Indian Masks - Their Role in Native American Culture

Indian or Native American masks were made for ceremonies, decoration, war rituals, shaman rituals, rituals initiating young man into the tribe, in healing rituals, in entertainment, given as gifts and spiritual rituals. Masks could be made for a ceremony where one chief of one tribe gives gifts to a chief from another tribe. Native Americans believed that the person wearing a mask was taken over by the spirit that mask represents.

In tribe usually, a male of high status, with a lot of skill, makes the masks in isolation. Mask represent a characteristic or an animal and is decorated with paint, feathers, fur, straw, leather, or leaves. Trained dancers would wear the masks and perform legend stories.

Indian Cherokeelong Face Mask

At first, masks were made using traditional tools for shaping, like bone and rock, but after the arrival of Europeans, Native Americans started using new tools for better precision.

Women and children were allowed to watch the ceremony as entertainment but were not allowed to know the meaning of the mask and the story told.
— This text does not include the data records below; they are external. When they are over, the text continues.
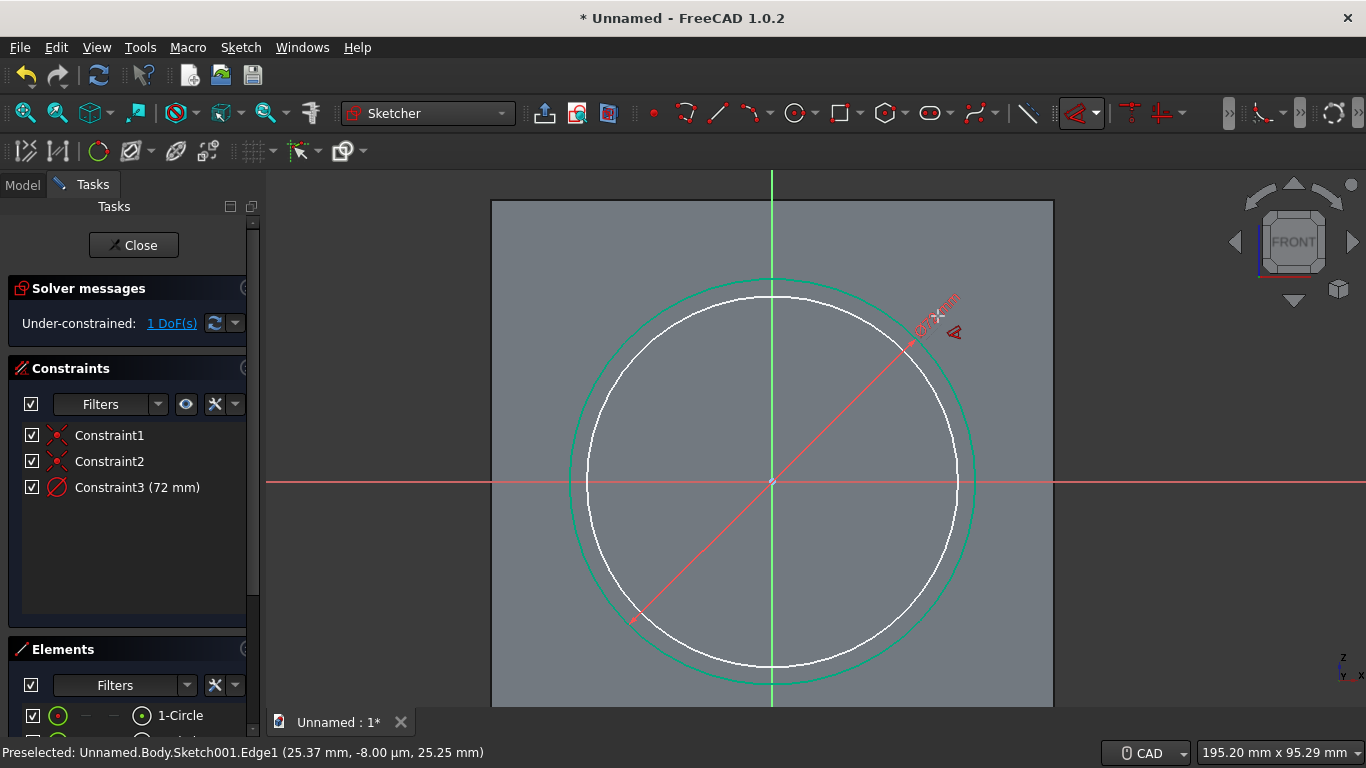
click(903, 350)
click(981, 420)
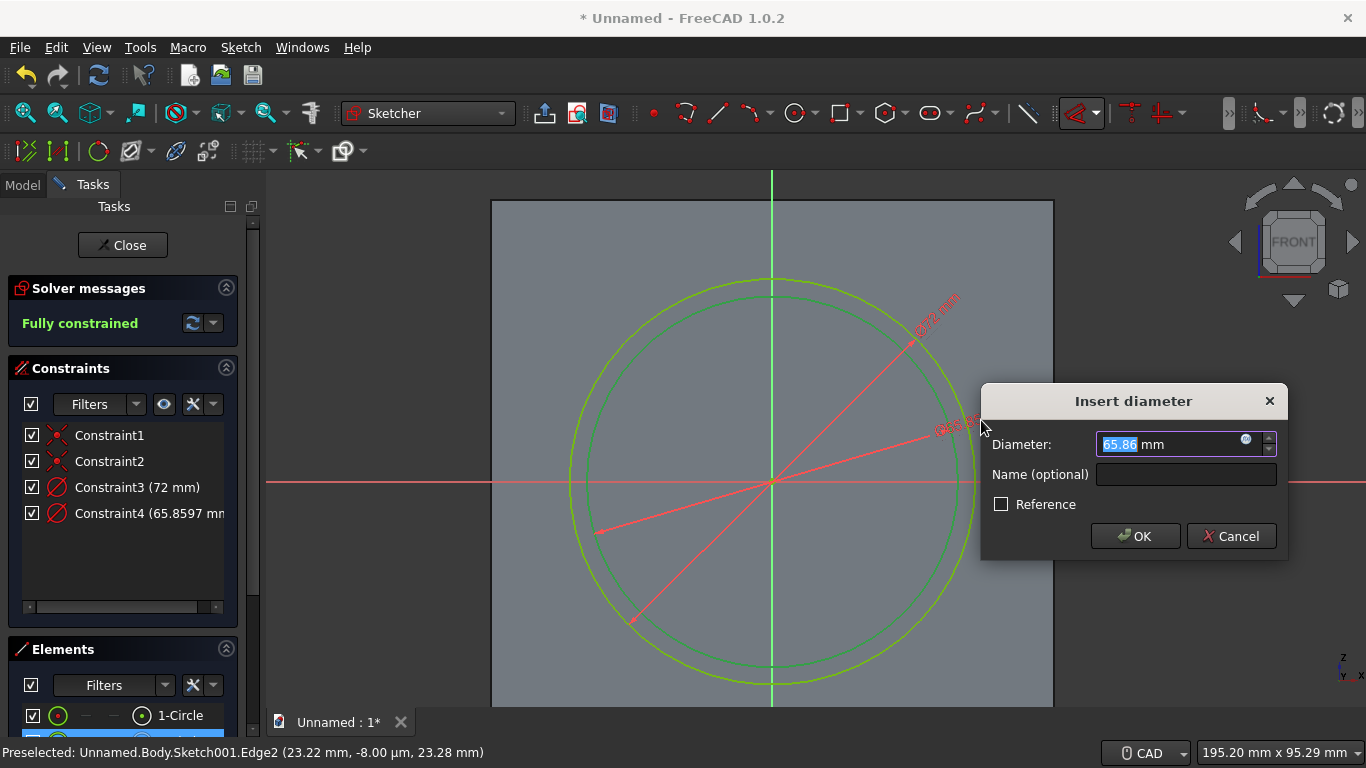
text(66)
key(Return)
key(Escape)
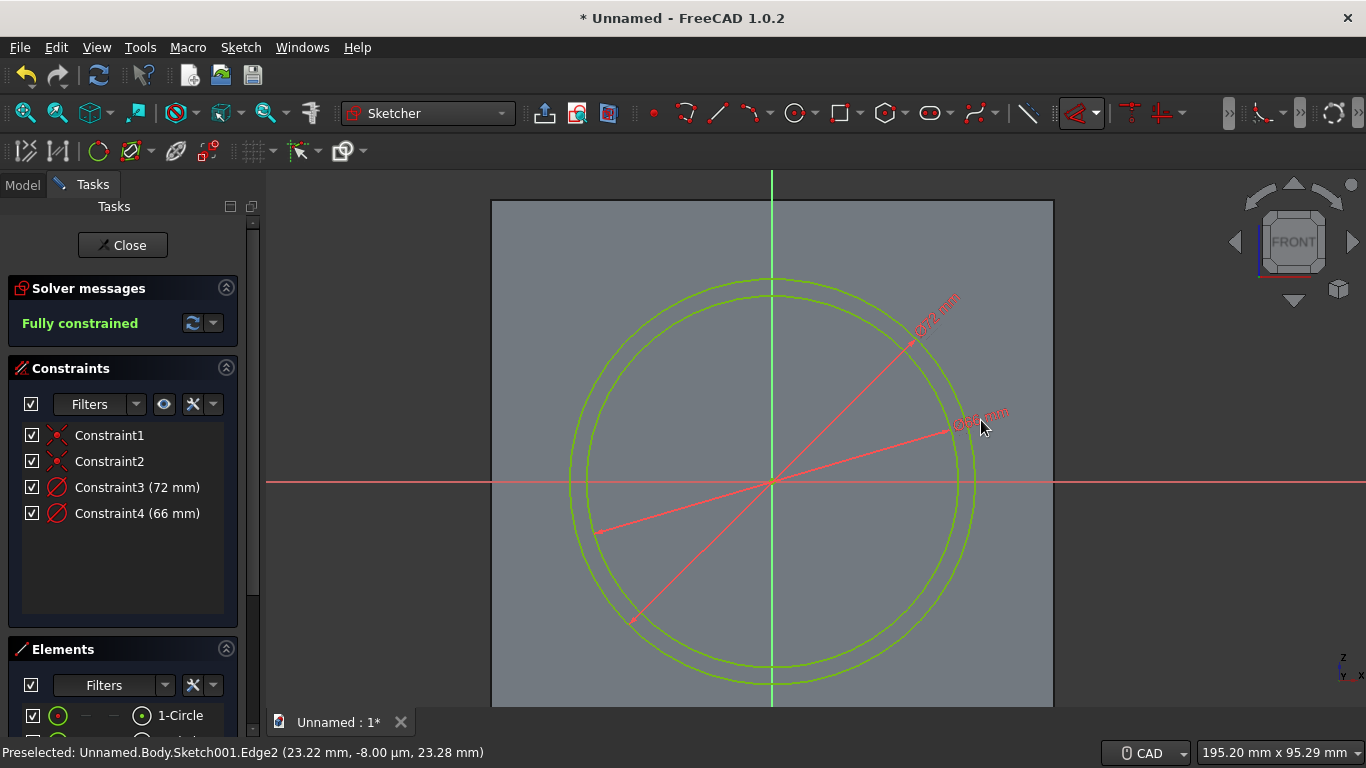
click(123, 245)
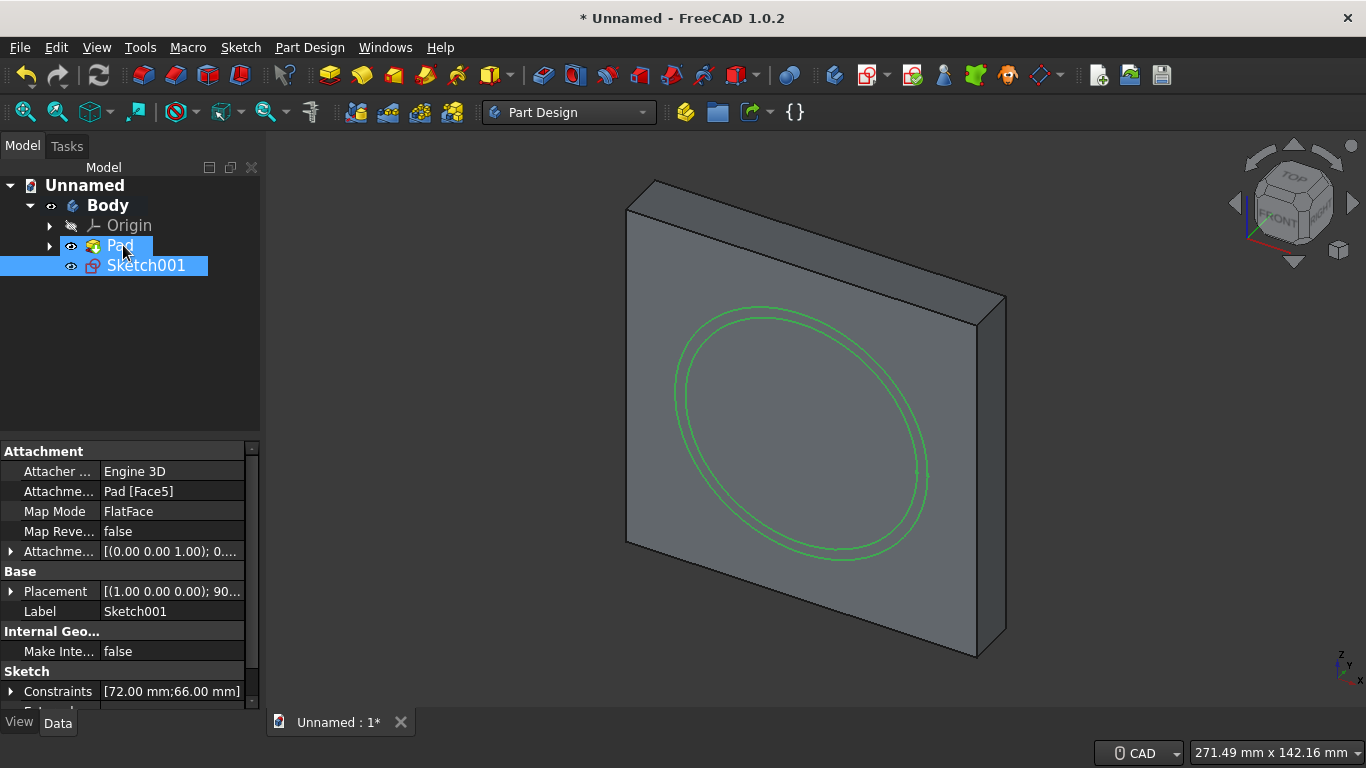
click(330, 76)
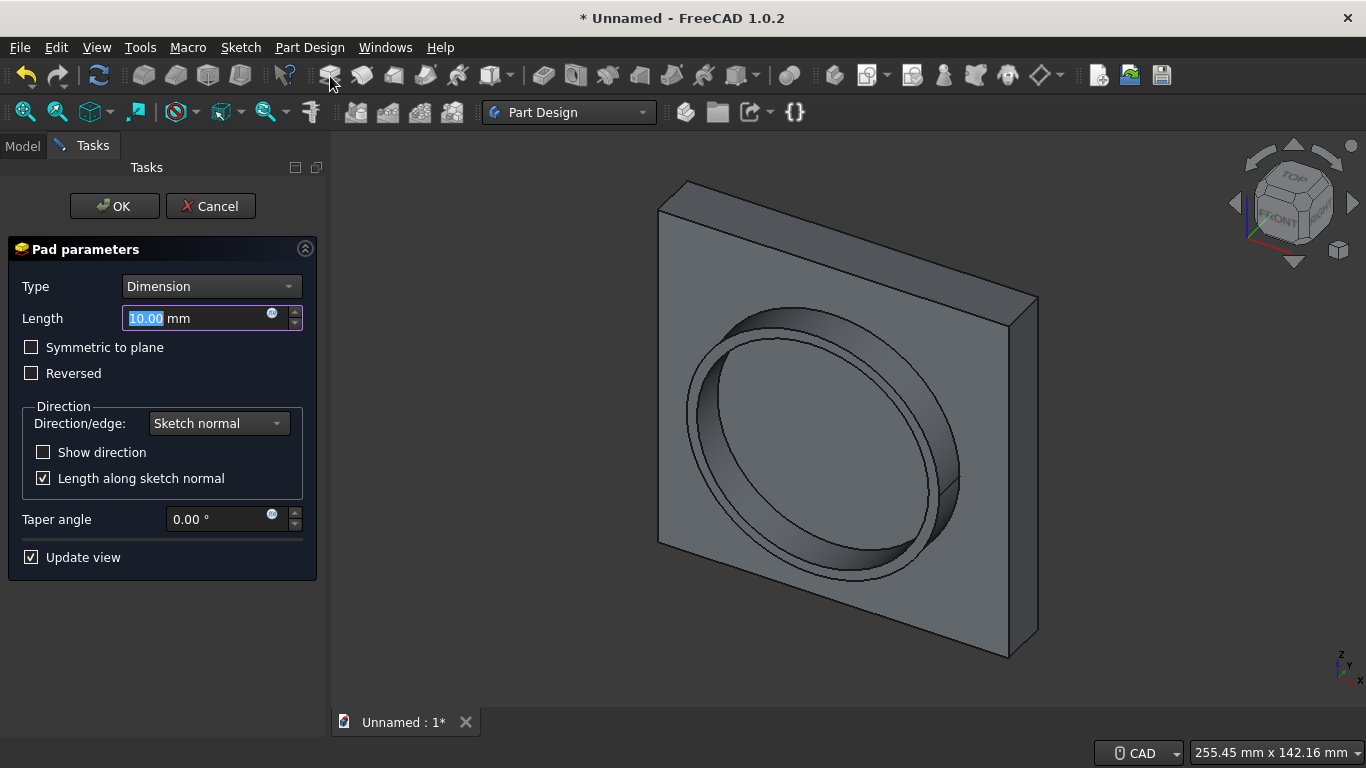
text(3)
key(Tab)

Rituals could be limited to only certain members of the tribe.

The chief of the tribe wears the most powerful mask of an eagle.

Native American masks can represent:

  • characteristic
  • portrait – represents a certain person
  • status
  • spirit
  • animal – clan descended from some animal

Masks could be:

  • single – from a single piece of wood
  • mechanical – with moveable parts, like eyes open and shut
  • transformational – when closed one mask it could reveal another mask

Meaning of the mask's colors is:

  • red – represents happiness and faith
  • yellow and orange – represents intellect
  • green – represents healing, harmony, and nature
  • purple – represents mystery and magic
  • black – represents victory and success
  • white – represents light and purity
  • blue – represents intuition and wisdom

Kwakwaka’wakw tribe live in British Columbia on northern Vancouver Island. Their masks were an important part in dance, and it represented a character conveyed by the dancer. They have masks like Hamatsa (raven-cannibal), Sun Mask, Moon mask, etc.

Pueblos is Native American community of tribes: Hopi, Zuni, Laguna Pueblo, Acoma Pueblo and Tewa Village. Kachinas are spirits and representations of things in the real world, from ancestor to natural elements. They can have humanlike features, like have children. They can bring health, protection, fertility, good luck, etc. These people make masks representing all kind of kachinas for ritual dances, made from fur, feathers, leather, or leaves. They are supernatural beings making a line between mortals and gods in everyday things. These spirits are impersonated during ceremonial dances by a man dressed up in mask and costume. They believe that they lost their identity and kachina spirit takes over.

Iroquois are Native American confederacy of tribes: Mohawk, Seneca, Cayuga, Tuscarora, Oneida, and Onondaga. They made wooden “false face” masks. These masks were used in healing rituals, invoking the spirit of an old hunch-backed man offering him tobacco and corn mush. The invoke being will protect people from illness and fierce winds. The man who is making the mask is guided by this spirit to find the right wood in the forest for the mask. The mask is carved on the living tree and is removed when finished, so it is considered to be a living representation of a spirit. When the mask is not worn, it is treated as living being. People who were cured could become members of The False Face Society. The mask is painted black and red, has a bent nose, deep set eyes accented by metal, hair and tobacco tied above the forehead. The ritual is done twice a year, in spring and fall. People go with this mask through the community to chase off evil spirits and diseases. If someone is sick tobacco is burned, and wood ashes are thrown over him.